Park’s indelible appetite for analog fun is in full flower for this, his first Wallace & Gromit feature film since 2005’s The Curse of the Were-Rabbit. In fact, this movie is a direct sequel to The Wrong Trousers, the Oscar-winning 1990 W&G short that first introduced the rubber-limbed inventor Wallace (now voiced by Ben Whitehead, stepping in for the late Peter Sallis) and his wise, long-suffering, silent pup, Gromit.

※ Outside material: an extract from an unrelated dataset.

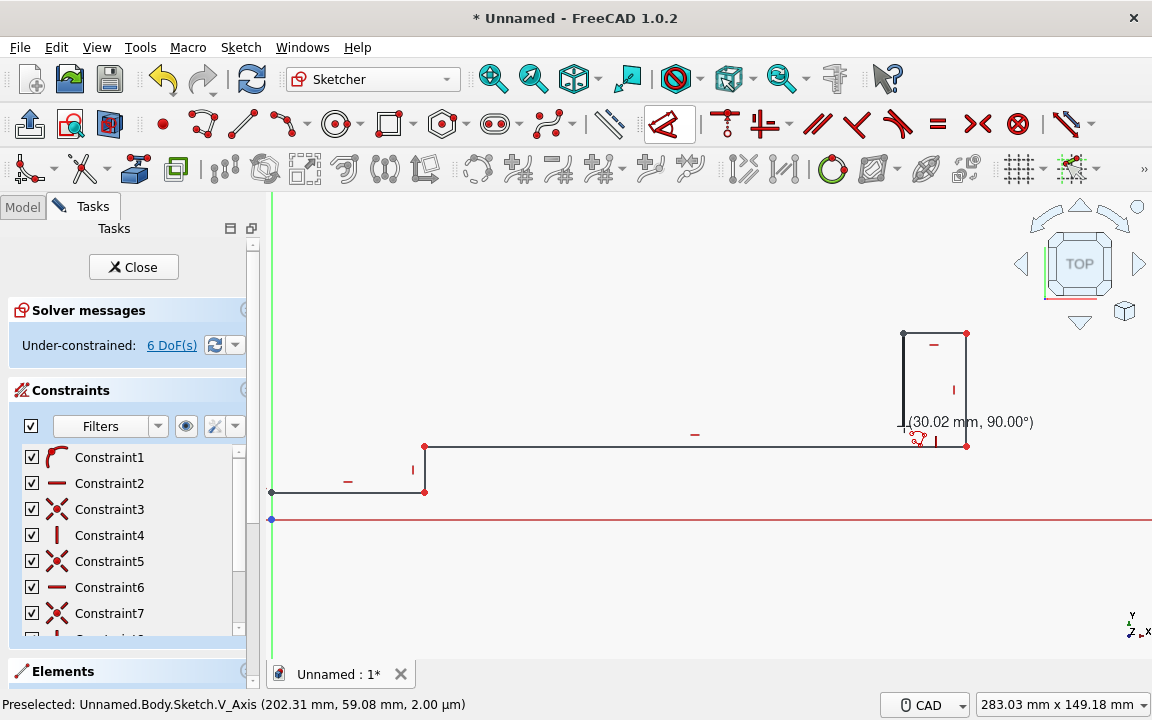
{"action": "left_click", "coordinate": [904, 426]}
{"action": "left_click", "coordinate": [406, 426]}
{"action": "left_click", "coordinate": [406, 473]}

This time, an evil penguin named Feathers McGraw (stay with me here) — the same guy Wallace and Gromit inadvertently exposed as a mastermind diamond thief back in 1990 — is on the loose. Vowing revenge, Feathers has re-programmed Wallace’s latest creation — a benign garden gnome robot — to make it a flame-throwing mechanical maniac.

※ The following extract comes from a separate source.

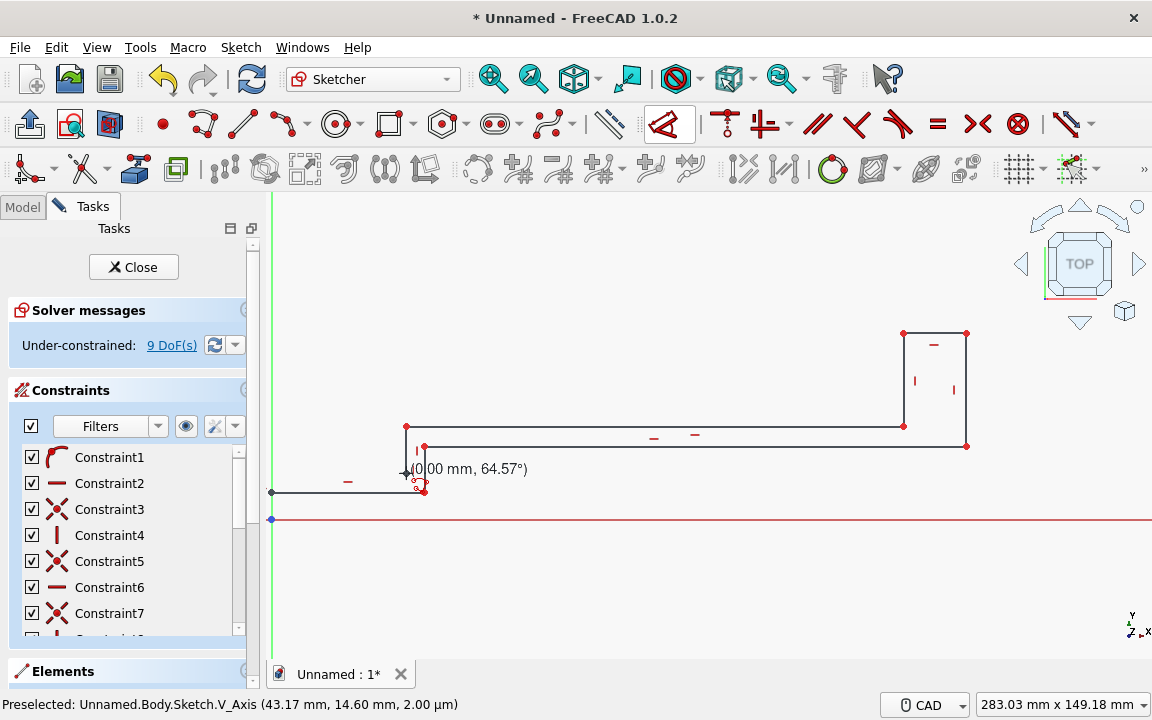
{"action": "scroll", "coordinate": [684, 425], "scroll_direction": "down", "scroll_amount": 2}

On one level, I suppose, Vengeance Most Fowl could be seen as Park’s response to the dominance of digital creations over handmade art. But trying to apply higher meaning to any Wallace & Gromit outing seems somehow wrong. Just have fun with it. Park certainly is.
Better Man
⭐️ ⭐️ ⭐️
Rating: R
Run Time: 2 hours 14 minutes
Stars: Robbie Williams, Jonno Davies
Writers: Simon Gleeson, Oliver Cole, Michael Gracey
Director: Michael Gracey
Reviewed at the Toronto International Film Festival
I’d have paid good money to be a fly on the wall when the producers of this big-screen biography of British superstar Robbie Williams decided the singer/songwriter would be played not by an actor, but by a CGI-created chimpanzee (Williams provides the chimp’s voice, Jonno Davies did the motion capture acting to make a monkey out of him).
It’s an outrageous gamble, and although I spent the first half of the movie resisting the notion of a talking chimp climbing from the mean streets to TV’s Top of the Pops, I finally had to surrender: The dumb idea works surprisingly well. Even those unfamiliar with Williams’s music will have a good time swinging along with his simian self.
Babygirl
⭐️ ⭐️
Rating: R
Run Time: 1 hour 54 minutes
Stars: Nicole Kidman, Antonio Banderas, Harris Dickinson
Writer/Director: Haline Reijn
Reviewed at the Toronto International Film Festival
Critics at last September’s Toronto International Film festival raved about Nicole Kidman’s brave performance in her sexiest movie since Eyes Wide Shut — but not so much about writer/director Haline Reijn’s by-the-numbers tale of a messy collision at the intersection of Lust and Love.
Kidman stars as a Manhattan CEO who, as wife of a dashing theater director (Antonio Banderas), is half of New York’s most glamorous power couple. But uh-oh: She’s having a romantic fling with a 20-something intern at her company (Triangle of Sadness’s Harris Dickinson). Filmmaker Reijn (Bodies Bodies Bodies) doesn’t flinch from the trauma of shattered trust, but she’s also clearly having a good time dwelling on the allure of forbidden fruit.
Critically, she never fully answers the question on the mind of every woman I’ve met who’s seen the film: What is wrong with a woman who steps out with a callow college boy when she’s got an adoring version of Antonio Banderas waiting at home?